The Metropolis is not a closed club

Jean-Michel Roux, 2013

Monde pluriel

This fact sheet presents the major challenges of capital cities and draws a comparison between London, Paris and New York, for which the metropolitan development policies are very different.

The metropolitan phenomenon is amply described, in writing, in images and in speech. But the resulting metropolises are far from being accepted as coherent spaces: the same people who praise their power and their modernity complain about their instability and their disordered territorial expansion (urban sprawl). The confusion is compounded by the fact that the same term designates, for example, Amiens and Shanghai, and thus different things. It follows that everywhere political institutions and public services struggle to keep up, and that the diversity of intentions or projects defies any reasoned catalog. The subject must be treated frankly.

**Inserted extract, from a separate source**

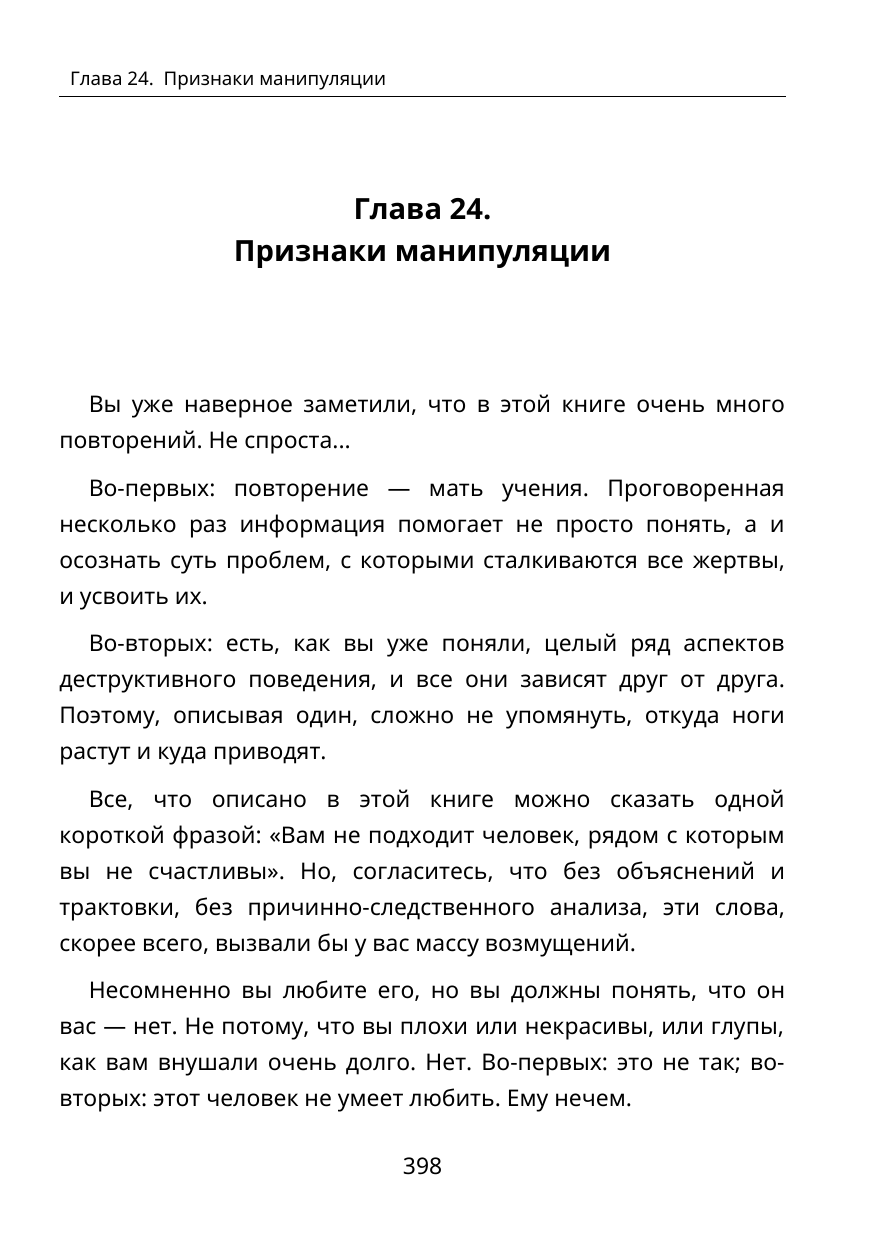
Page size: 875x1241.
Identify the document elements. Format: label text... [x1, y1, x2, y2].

If we consider comparable situations, in terms of size, influence and precedence, why is it that the election of the mayor in New York or London is an important moment in international news and that in Paris it is a mundane event, far below Fashion Week? In London and New York, the candidates speak about housing, education, security, etc., while in Paris, they argue about the future of the country. While in Paris they argue about towers (for or against), vélibs and the noise of the terraces at night. The Parisian frivolity is well known, nevertheless, explanations are needed.

The main one is contained in a table, which links the areas and populations of the cities concerned.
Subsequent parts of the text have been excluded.